Quality of Life Priorities of Childhood Acute Lymphoblastic Leukemia Survivors Enrolled in EORTC Studies, and a Comparison of Instruments.

Autor: Musoro J; European Organisation for Research and Treatment of Cancer (EORTC), Brussels, Belgium., Sleurs C; Department of Cognitive Neuropsychology, Tilburg University, Tilburg, The Netherlands.; Department of Paediatric Oncology, KU Leuven, Leuven, Belgium., Rowsell A; 'Primary Care Research Centre, School of Primary Care, Population Sciences and Medical Education, Faculty of Medicine, University of Southampton, Southampton, UK., Suciu S; European Organisation for Research and Treatment of Cancer (EORTC), Brussels, Belgium., Kicinski M; European Organisation for Research and Treatment of Cancer (EORTC), Brussels, Belgium., Chantziara S; 'Primary Care Research Centre, School of Primary Care, Population Sciences and Medical Education, Faculty of Medicine, University of Southampton, Southampton, UK., Coens C; European Organisation for Research and Treatment of Cancer (EORTC), Brussels, Belgium., Pe M; European Organisation for Research and Treatment of Cancer (EORTC), Brussels, Belgium., Missotten P; Unité de Psychologie de la Sénescence, Université de Liège, Liège, Belgium., Vandecruys E; Department of Pediatric Hemato-Oncology, Ghent University Hospital, Ghent, Belgium., Uyttebroeck A; Department of Pediatric Hemato-Oncology, University Hospital Leuven, Leuven, Belgium., Dresse MF; Division of Haematology-Oncology, Department of Paediatrics, University Hospital Liège and University of Liège, Liège, Belgium., Pluchart C; Department of Pediatric Haematology and Oncology, CHU Reims, Reims, France., Ferster A; Department of Hemato-Oncology, HUDERF (ULB), Brussels, Belgium., Freycon C; Department of Pediatric Hematology-Oncology, CHU Grenoble, Grenoble, France., Van Der Werff Ten Bosch J; Department of Pediatrics, UZ Brussel, Brussels, Belgium., Rohrlich P; Pediatric Oncology, CHU Nice, Nice, France., Benoit Y; Department of Pediatric Hemato-Oncology, Ghent University Hospital, Ghent, Belgium., Piette C; Division of Haematology-Oncology, Department of Paediatrics, University Hospital Liège and University of Liège, Liège, Belgium., Darlington AS; 'Primary Care Research Centre, School of Primary Care, Population Sciences and Medical Education, Faculty of Medicine, University of Southampton, Southampton, UK.
Jazyk: angličtina
Zdroj: Pediatric blood & cancer [Pediatr Blood Cancer] 2024 Nov 30, pp. e31446. Date of Electronic Publication: 2024 Nov 30.
DOI: 10.1002/pbc.31446
Abstrakt: Purpose: Survivors of childhood cancer can suffer from long-term sequelae or decline in quality of life (QoL), for which careful and standardized selection of outcome measures become more important.

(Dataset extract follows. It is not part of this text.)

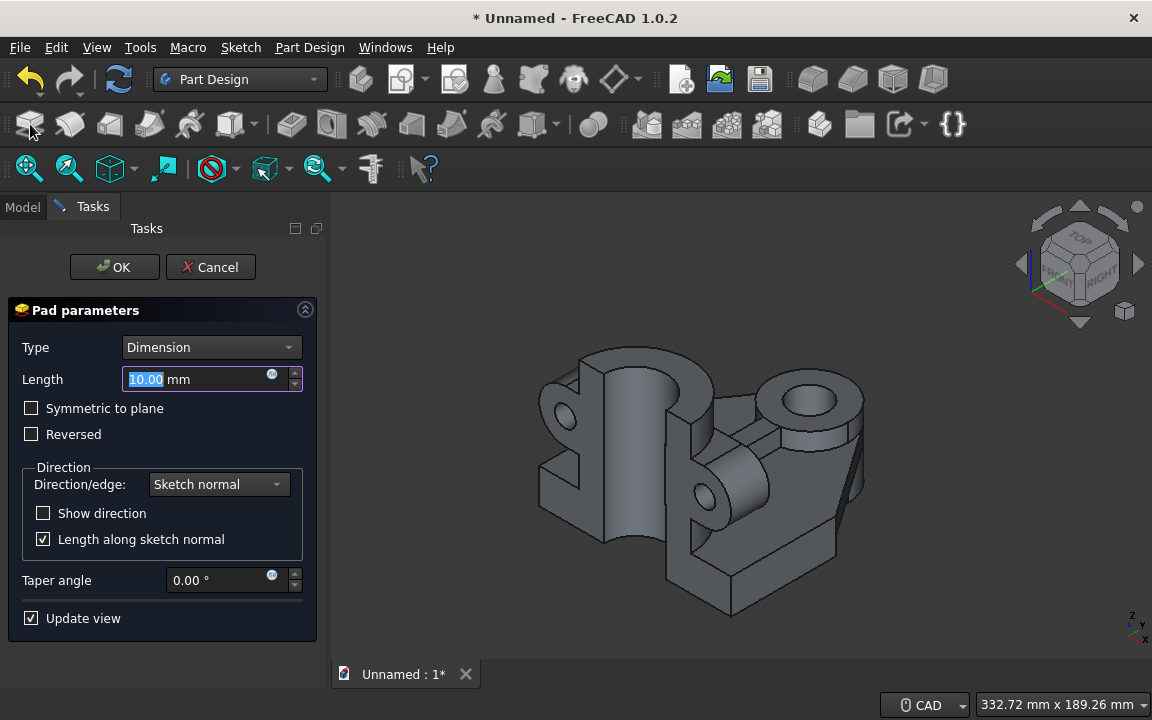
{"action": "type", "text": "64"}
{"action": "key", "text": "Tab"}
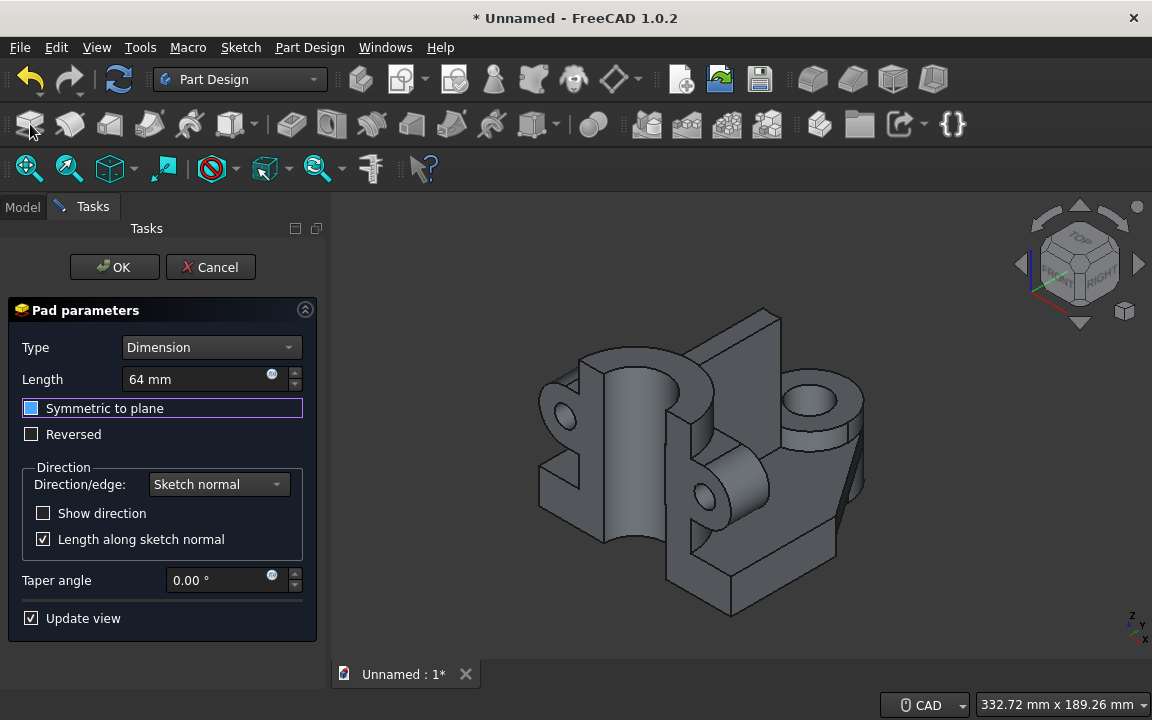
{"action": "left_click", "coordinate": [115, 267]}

This study aims to assess different QoL-related outcomes using three distinct questionnaires in an international study, identify the priorities of childhood ALL survivors via the administered questionnaires, and investigate potential interrelationships among QoL domains across the questionnaires.
Methods: Childhood ALL survivors treated according to the EORTC CLG treatment protocols 58741, 58831/2, and 58881 were recruited in Belgium and France and answered self-report QoL questionnaires, including the Short-Form Health Survey 12 (SF12), the Quality-of-Life Systemic Inventory (QLSI), and the Impact of Cancer for Childhood Cancer Survivors (IOC-CS). To explore which scales overlapped or were novel, Pearson correlations were used to explore associations. In addition, based on the QLSI, we checked whether each of the top priorities of childhood ALL survivors were covered by the SF12 or IOC-CS, by mapping their scales quantitatively and qualitatively.

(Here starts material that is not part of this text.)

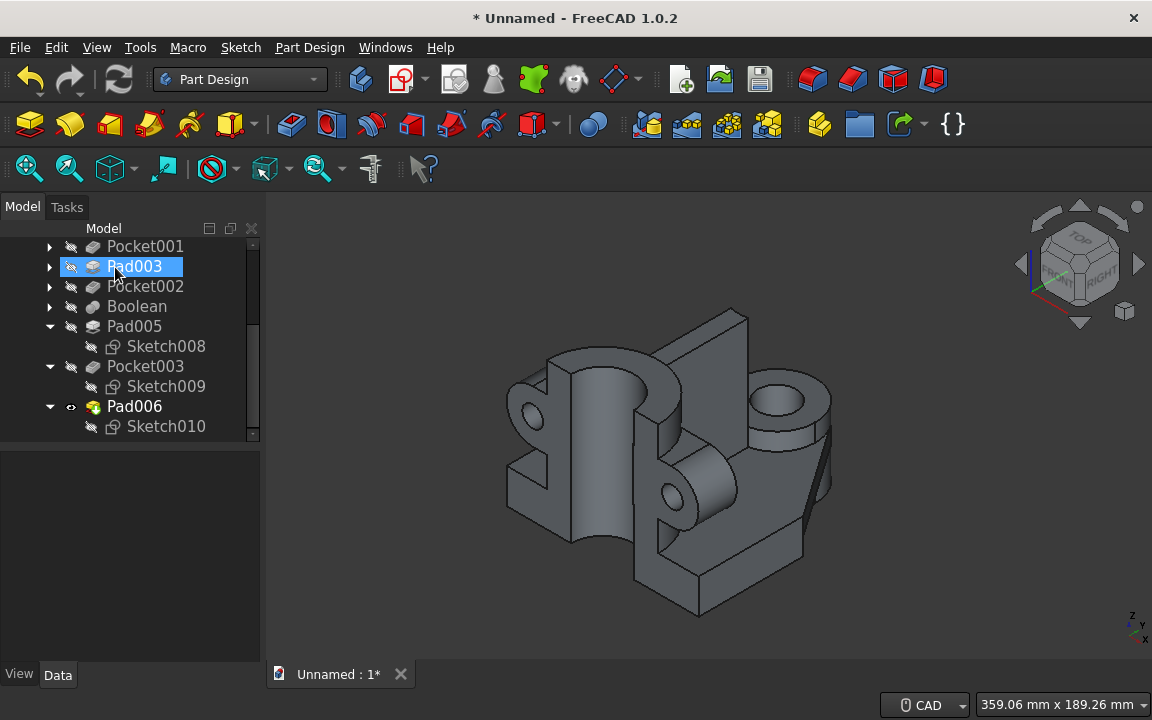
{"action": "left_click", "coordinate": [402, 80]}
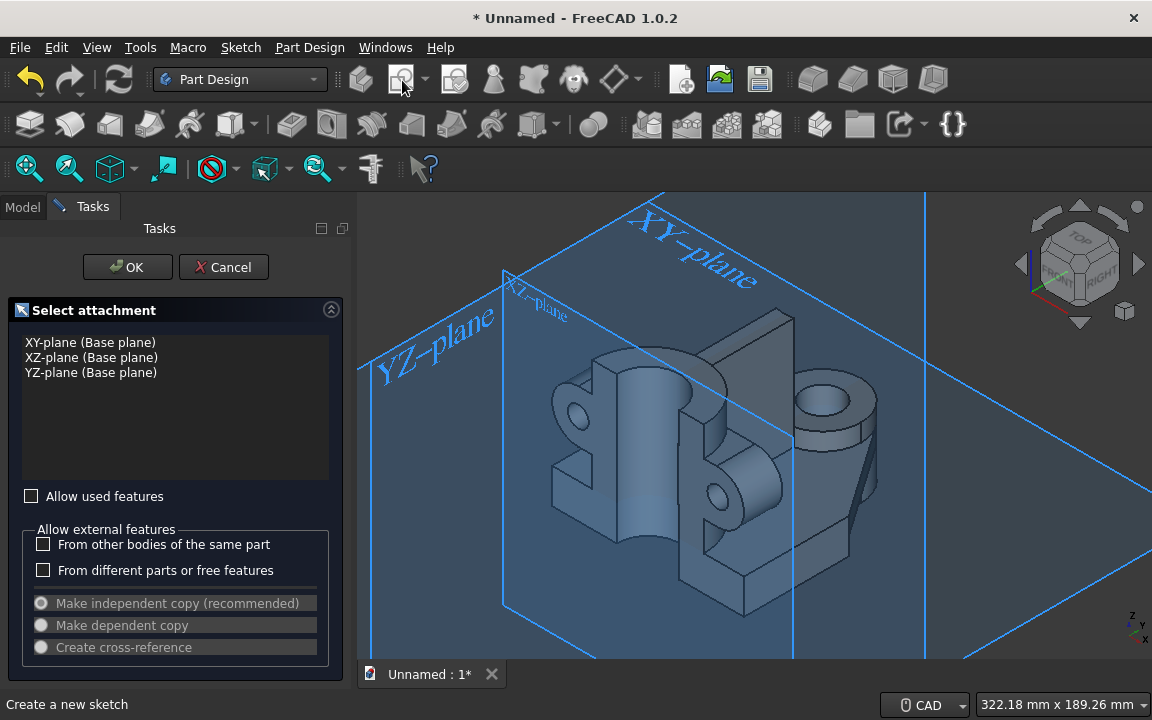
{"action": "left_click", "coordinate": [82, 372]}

Results: QoL data for 186 survivors were provided. Priority areas, as assessed by the QLSI, were vitality, physical abilities, memory, overall physical health, sleep, interaction with friends, love life. Love life was an important source of happiness (for 42%), and for some reported as the domain they were unhappiest in (13%). Quantitative mapping shows moderate correlations between the SF12 scales and IOC-CS scales: life challenges, body and health, thinking and memory, and socializing. Qualitative mapping highlighted additional important domains, specifically family, romantic and friendship relationships, and sleep and memory.

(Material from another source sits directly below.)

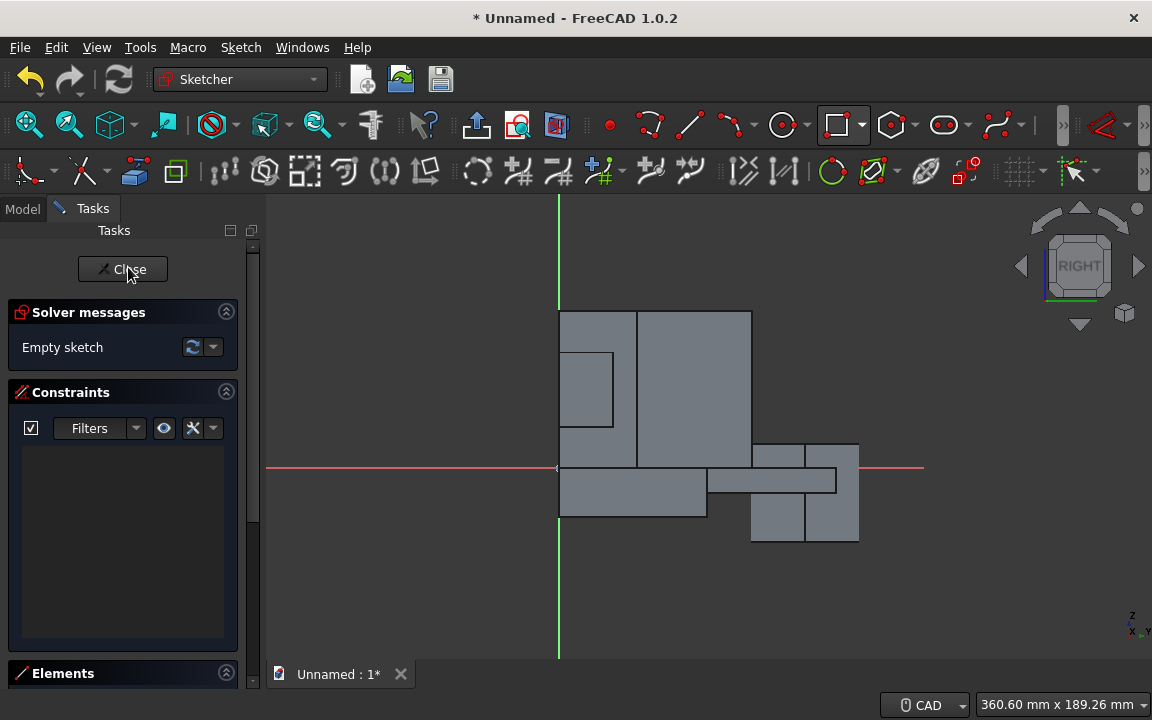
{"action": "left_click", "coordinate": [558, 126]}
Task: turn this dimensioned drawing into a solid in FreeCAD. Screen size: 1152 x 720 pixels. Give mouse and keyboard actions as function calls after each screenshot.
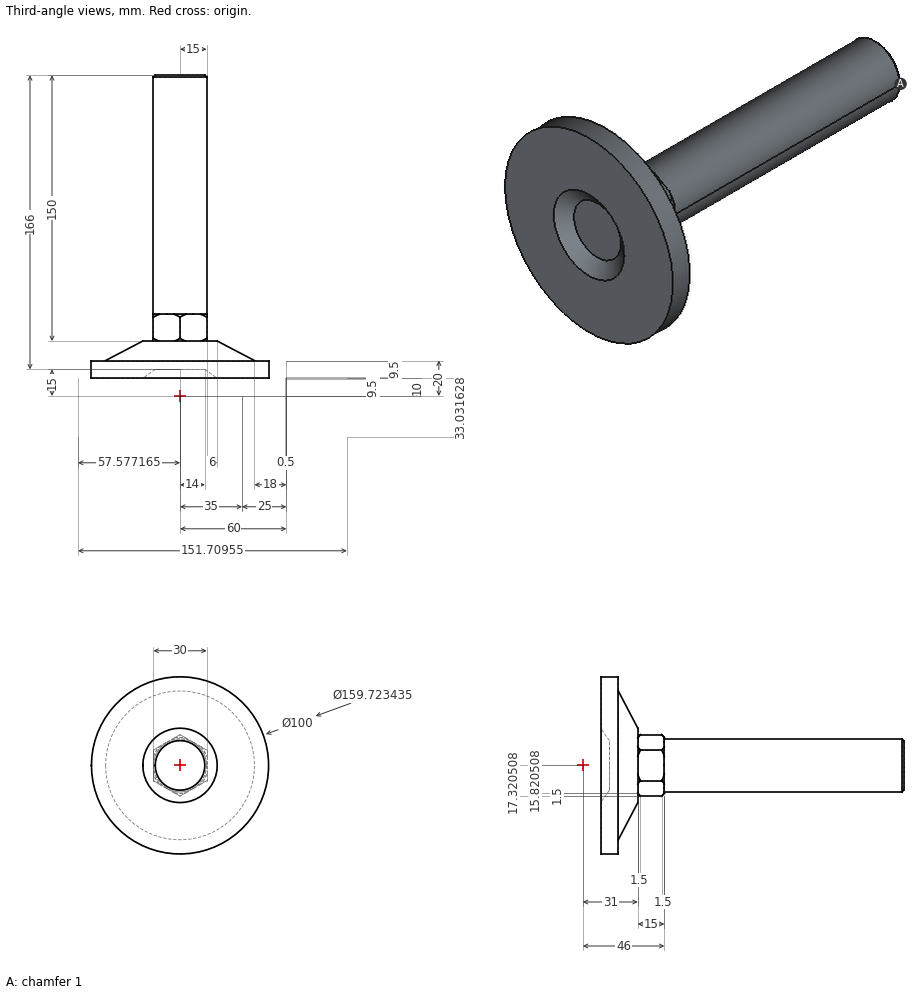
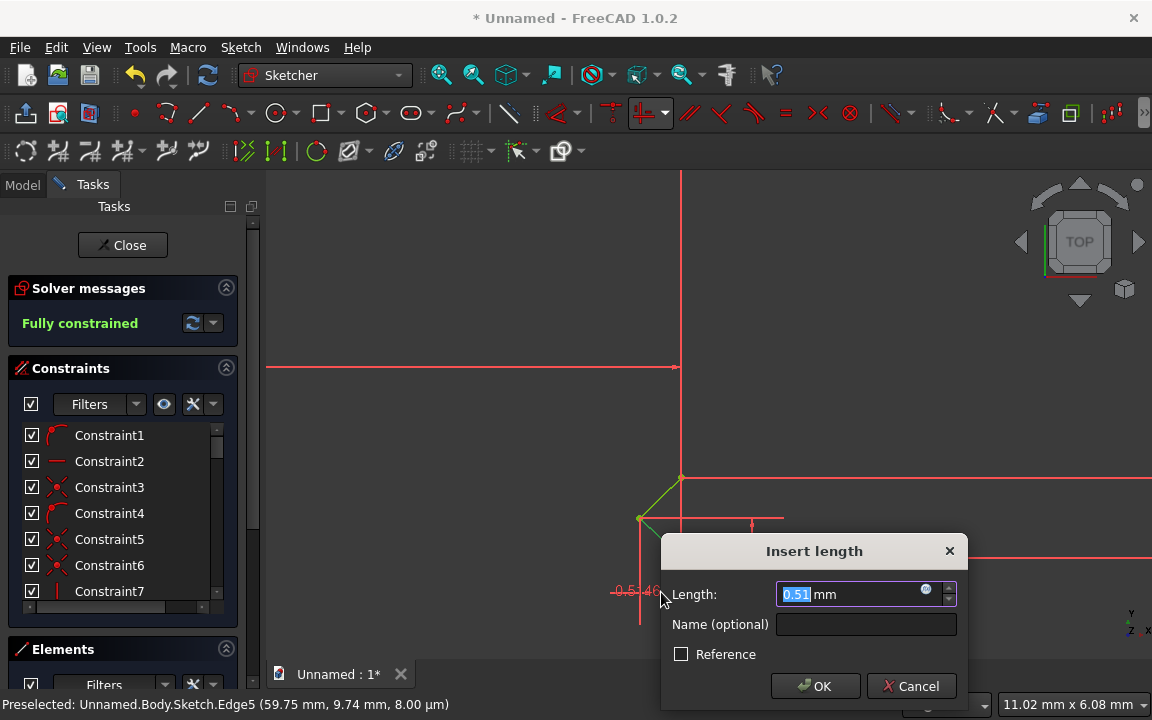
text(0.5)
key(Return)
key(Escape)

Conclusions: Our findings suggest that the measures complement each other, but are less valuable in isolation for ALL survivors. Using a cancer survivorship measure, combined with some additional items covering priorities might provide a more holistic picture.
(© 2024 The Author(s). Pediatric Blood & Cancer published by Wiley Periodicals LLC.)